25 October 2022, 19:18 WIB

Bharada E tidak Percaya Brigadir J Lakukan Pelecehan Seksual


Khoerun Nadif Rahmat | Politik dan Hukum

ANTARA/Akbar Nugroho Gumay
 ANTARA/Akbar Nugroho Gumay
Terdakwa kasus pembunuhan Brigadir Yosua, Richard Eliezer Pudihang Lumiu (kiri) mengikuti sidang lanjutan di PN Jaksel, Senin (25/10).

TERDAKWA kasus pembunuhan berencana Brigadir Nofriansyah Yosua Hutabarat (Brigadir J), Richard Eliezer Pudihang Lumiu, mengatakan bahwa ia tidak percaya atas adanya dugaan pelecehan seksual yang dilakukan oleh korban kepada Putri Candrawathi.

"Saya tidak meyakini Bang Yos (Brigadir J) melakukan pelecehan. Hanya itu saja yang bisa saya sampaikan," kata Richard menanggapi keterangan para saksi dalam persidangannya di Pengadilan Negeri Jakarta Selatan, Selasa (25/10).

Richard juga mengatakan bahwa ia akan berkata jujur selama persidangan guna membela Brigadir J.

"Saya cuma menyampaikan saya akan berkata jujur, saya akan membela abang saya Bang Yos terakhir kalinya," papar Richard.

Lebih lanjut, Richard juga menegaskan bahwa ia siap menerima hukuman apa pun dari Majelis Hakim atas perbuatannya dalam pembunuhan Brigadir J.


Baca juga: Menangis Histeris di Persidangan, Ibu Brigadir J Sebut Nyawa adalah Hak Tuhan


"Saya ingin mengatakan saya siap, apa pun yang akan terjadi, dan apa pun keputusan hukum terhadap diri saya.

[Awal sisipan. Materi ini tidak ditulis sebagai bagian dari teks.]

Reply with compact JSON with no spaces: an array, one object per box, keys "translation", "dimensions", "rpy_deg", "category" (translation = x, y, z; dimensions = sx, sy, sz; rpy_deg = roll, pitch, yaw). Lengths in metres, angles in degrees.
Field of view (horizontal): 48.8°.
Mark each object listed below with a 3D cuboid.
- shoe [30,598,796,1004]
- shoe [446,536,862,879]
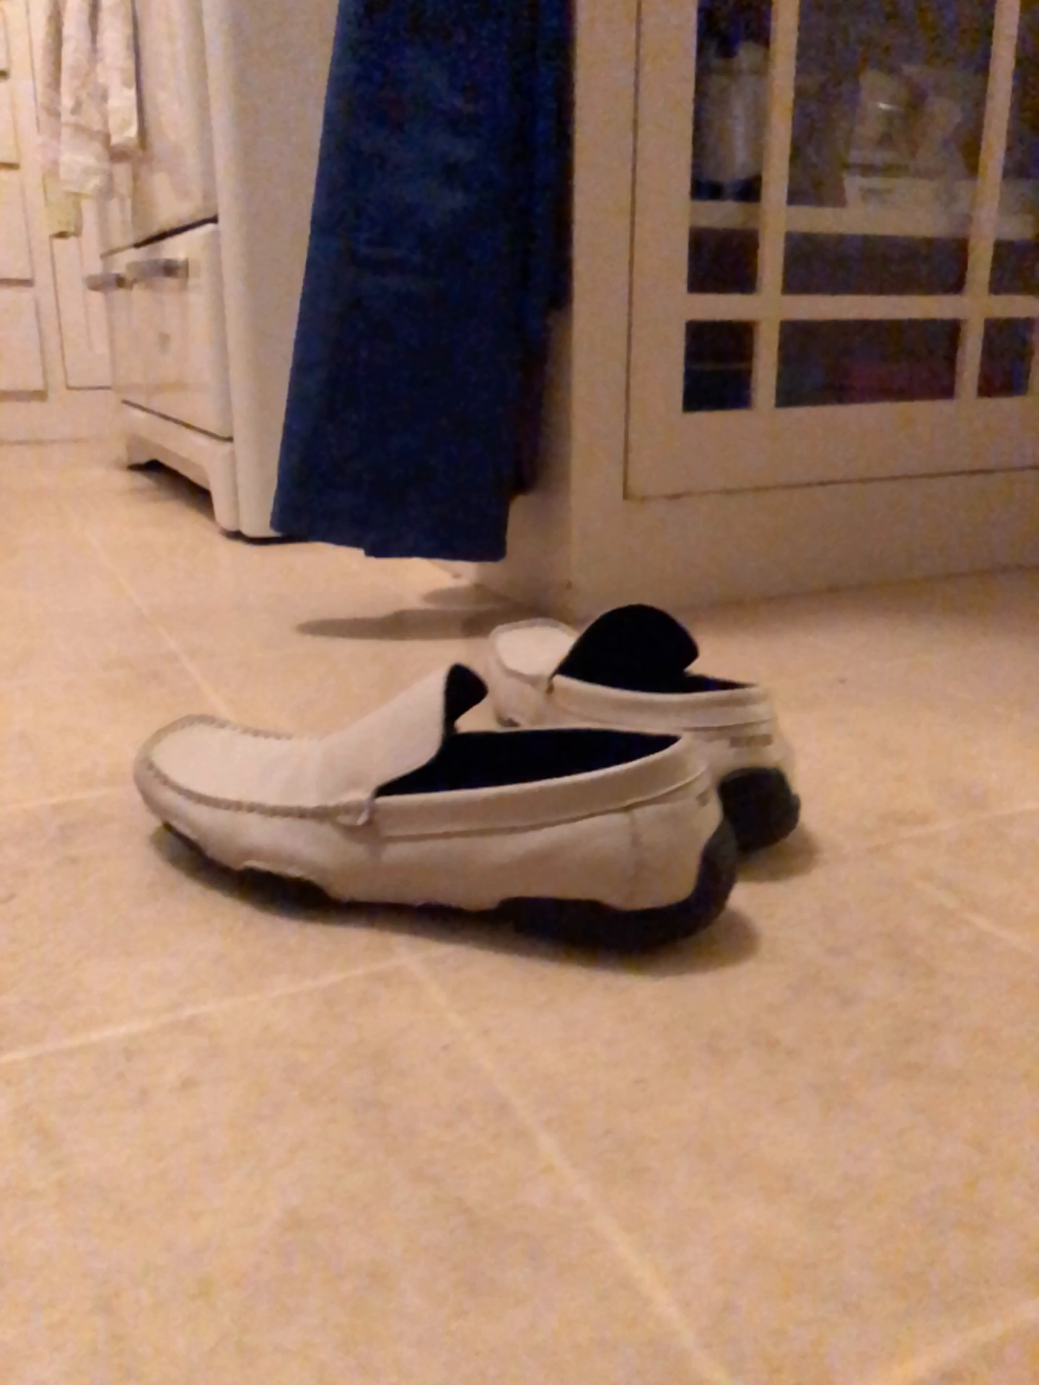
[{"translation":[-0.047,0.032,0.499],"dimensions":[0.306,0.097,0.111],"rpy_deg":[7,19,20],"category":"shoe"},{"translation":[0.052,-0.012,0.636],"dimensions":[0.110,0.097,0.290],"rpy_deg":[-6,19,-18],"category":"shoe"}]

Terima kasih," ucapnya.

Dalam perkara pembunuhan berencana Brigadir J, para tersangka Ferdy Sambo, Putri Candrawathi, Ricky Rizal, Ricard Eliezer, dan Kuat Maruf didakwa melanggar pasal 340 subsidair Pasal 338 KUHP juncto Pasal 55 ayat 1 ke (1) KUHP dengan ancaman maksimal hukuman mati.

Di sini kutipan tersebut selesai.